Pyrvinium pamoate does not activate protein kinase CK1, but promotes Akt/PKB down-regulation and GSK3 activation

It has been reported that Pyrvinium Pamoate (PyrPam), an FDA approved anthelminthic drug is a potent inhibitor of Wnt signaling by a mechanism which implies the direct activation of protein kinase CK1α. Here we present data ruling out any direct stimulatory effect of PyrPam on CK1, by showing that neither the catalytic activity of CK1α nor those of its isoforms δ and γ1 are significantly affected by PyrPam when tested with the aid of specific peptide and protein substrates.
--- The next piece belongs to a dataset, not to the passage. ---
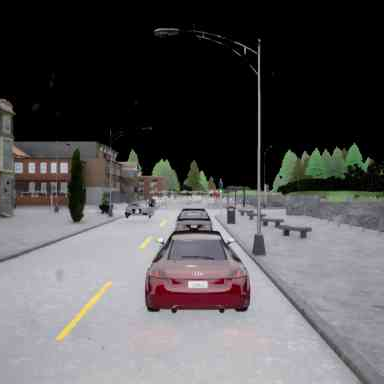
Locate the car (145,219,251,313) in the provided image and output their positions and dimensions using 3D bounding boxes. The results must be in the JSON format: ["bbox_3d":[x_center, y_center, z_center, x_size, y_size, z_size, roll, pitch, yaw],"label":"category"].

Accordingly, cell treatment with PyrPam has no significant effect on the phosphorylation of β-catenin Ser-45. By contrast the phosphorylation of β-catenin Thr-41 is increased upon cell treatment with PyrPam, through a mechanism that implies the upstream dephosphorylation of Akt/PKB and of GSK3. It can be concluded from our work that PyrPam is not a bona fide activator of CK1, its perturbation of cell signaling pathways being mediated by a complex mechanism initiated by a drop in Akt/PKB phosphorylation whose down-regulation promotes reduced phosphorylation and activation of GSK3. Consistent with this, lysates of cells treated with PyrPam display enhanced protein phosphorylation which is unaffected by CK1 inhibition while disappearing upon inhibition of GSK3. Our data are consistent with the observation that PyrPam ultimately inhibits Wnt signaling despite its lack of efficacy on CK1.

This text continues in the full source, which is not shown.